Земля от пустыни Син - страница 18



– Он был революционер?

– Нет, совсем нет! Он вернулся в Россию перед самой революцией.

– А до того где он был? – Таня задает вопросы уже механически, один за другим, только бы Маргарита Петровна не забыла чего-нибудь.

– Он был из богатой семьи, учился в университете в Австрии, в Граце. Стал адвокатом и приехал домой, к родителям. А тут – война, потом революция, и он пошел в Красную Армию. Там мы и познакомились.

Бабушка умолкает и вдруг смеется:

– Он всегда называл меня «мадам паника». Он был очень спокойный, а я по любому поводу взрывалась. Только он один и умел меня успокоить. Никогда я не видела на его лице и тени волнения. Помню, нас пригласили родители Майи Михайловны, чтобы познакомиться: сначала мы их пригласили, потом они нас. Я была в ужасе от всего, что увидела в их доме… Ну, понимаешь, они жили по-другому, – старается она объяснить, видя, что Таня смотрит непонимающе. – Очень традиционная семья была, да. А у нас все было по-другому. Я подумала: «Куда попадет мой сын!» И, конечно, порывалась тут же встать и уйти. А он только жал мою ногу под столом – он всегда так делал – и тихо повторял: «Спокойно, спокойно». Впрочем, Майя Михайловна – это уже отдельная история…

Бабушка некоторое время молчит, смотрит в окно, потом машет рукой и сама возвращает разговор в прежнее русло:

– После гражданской войны мы с ним вместе попали в Ленинград и работали там. Во время блокады я оставляла его дома, а сама ходила помогать в госпиталь: я окончила когда-то медицинские курсы. Может быть, это меня и спасло – у меня в кармане всегда был то сухарик, то кусочек хлеба или сахару. Я добывала съестное и приносила домой хоть что-то, чтобы его подкормить. Он сразу ослабел, как только началась блокада. Полные люди плохо переносят лишения. Он просто лежал и ждал, когда я вернусь, – даже по квартире передвигаться не было сил. Один раз я пришла домой, подхожу к кровати – а он уже не дышит… Не дождался… Может быть, я выжила еще и потому, что была всю жизнь худая, жилистая…

– Расскажи, как вас вывезли, – просит Костя.

Он присаживается рядом с Таней, уютно обнимает за плечи, и оба чувствуют себя так, будто становятся участниками событий.
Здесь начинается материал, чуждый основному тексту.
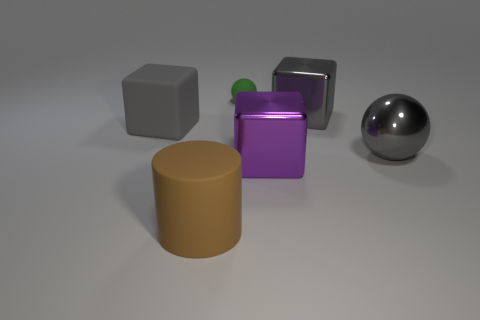Subtract all large purple blocks. How many blocks are left? 2 Add 3 big rubber things. How many objects exist? 9 Subtract all cylinders. How many objects are left? 5 Subtract all large rubber cylinders. Subtract all large metallic spheres. How many objects are left? 4 Add 4 green rubber balls. How many green rubber balls are left? 5 Add 3 big gray cubes. How many big gray cubes exist? 5 Subtract all gray cubes. How many cubes are left? 1 Subtract 0 red cubes. How many objects are left? 6 Subtract 2 blocks. How many blocks are left? 1 Subtract all cyan cylinders. Subtract all gray cubes. How many cylinders are left? 1 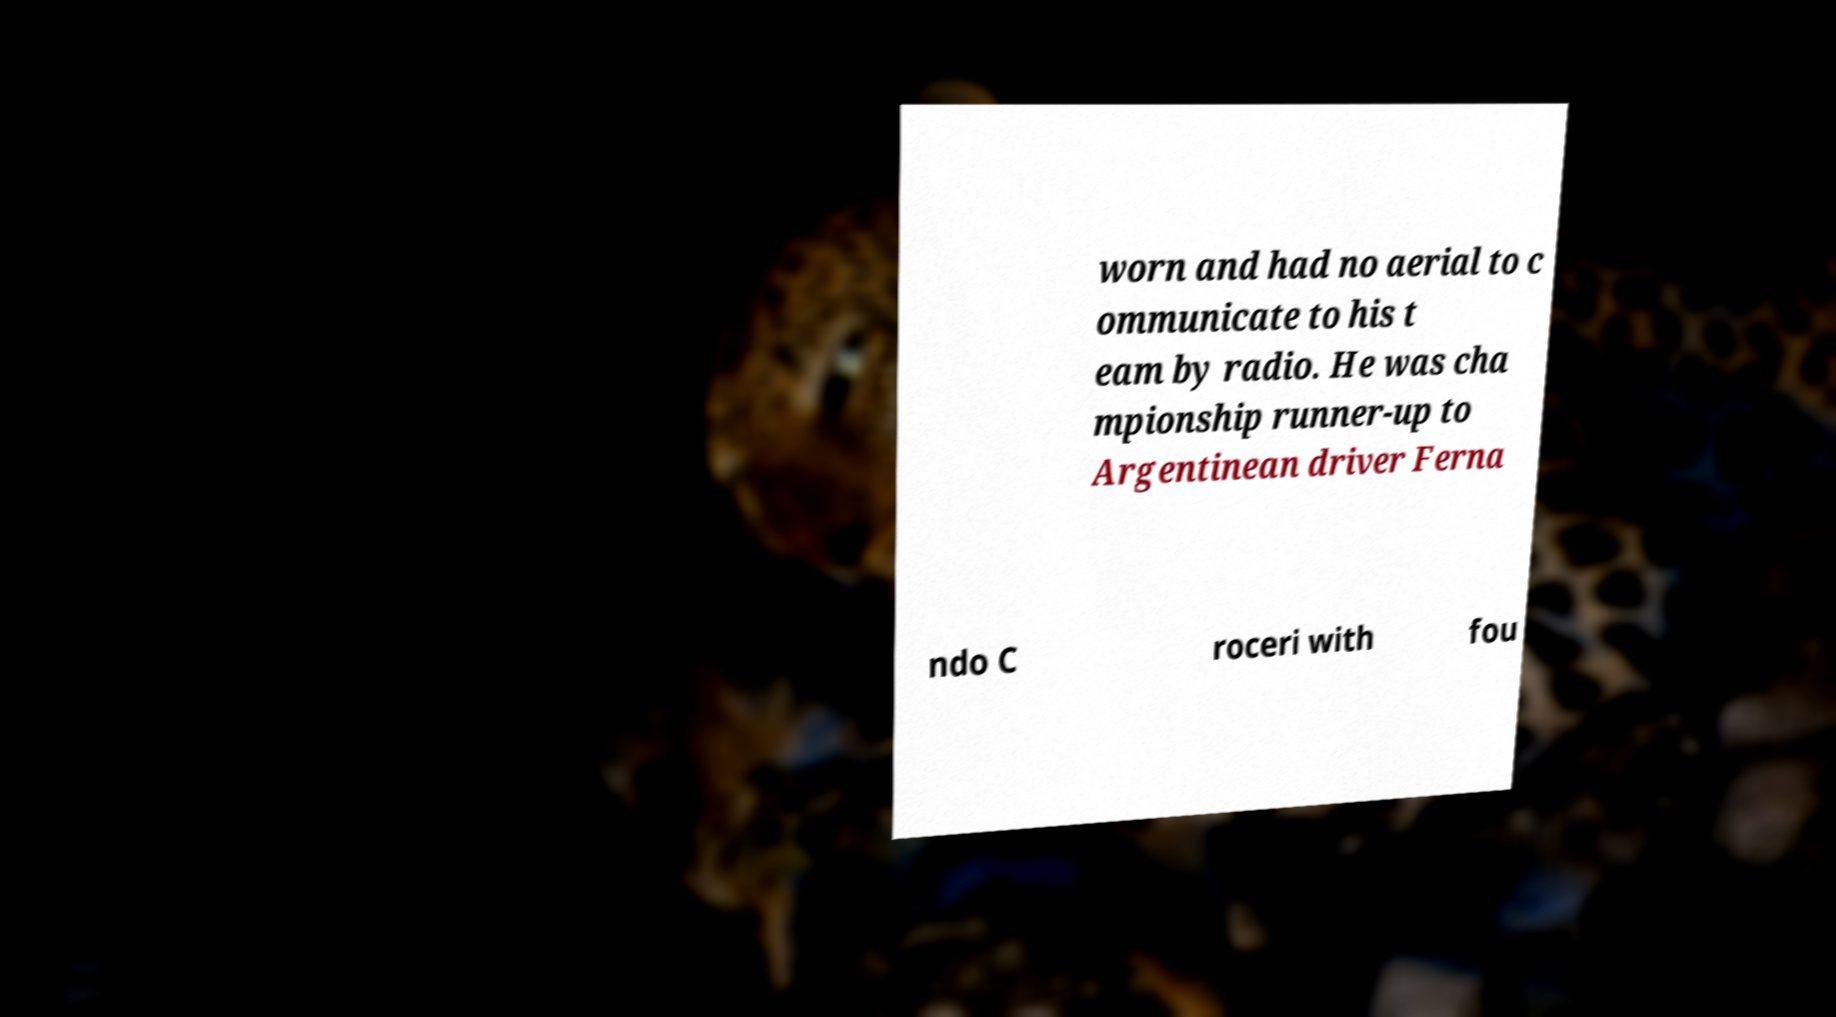Can you read and provide the text displayed in the image?This photo seems to have some interesting text. Can you extract and type it out for me? worn and had no aerial to c ommunicate to his t eam by radio. He was cha mpionship runner-up to Argentinean driver Ferna ndo C roceri with fou

– Это было уже в конце блокады – нас вывезли в Ярославль. Но перед тем, как нас вывезли, я совсем плохая была – тоже лежала, двигаться почти не могла… – Маргарита Петровна качает головой и проводит рукой по глазам, но слез в них нет – просто старческие грустные глаза, которые всматриваются сейчас в прошлое. – Боже мой, боже мой! Сколько пережили… И вдруг неожиданно приехал Николай Семенович – пробрался каким-то чудом в Ленинград в командировку, привез шоколад, витамины. Если бы не это, я бы тоже, наверное, погибла. Я ведь потом долго находилась в госпитале в Ярославле, Майя Михайловна меня нашла и привезла в Москву. Видишь, какие суставы? – Маргарита Петровна кладет руку на стол и показывает пальцы: – Это последствия блокады: сустав в сустав не входит.

Таня видит, как у бабушки одна фаланга пальца свободно отходит от другой, а рука – желтая, перевитая синими венами, скрюченная, как старая, высохшая ветка.

– Вот какие руки, Танечка, – Маргарита Петровна смеется своим мелким сухим смехом. – Боже мой, боже мой! Я так устала жить уже, – глаза бабушки тускнеют, – я прожила такую долгую-долгую жизнь и столько всего видела… – Она качает головой из стороны в сторону и словно уходит в себя. Потом опять поднимает глаза на Таню и продолжает: – Во время блокады умерла и моя родная сестра. А две другие погибли до того в Киеве в Бабьем Яру: собрали вещи – и сами пошли в Бабий Яр.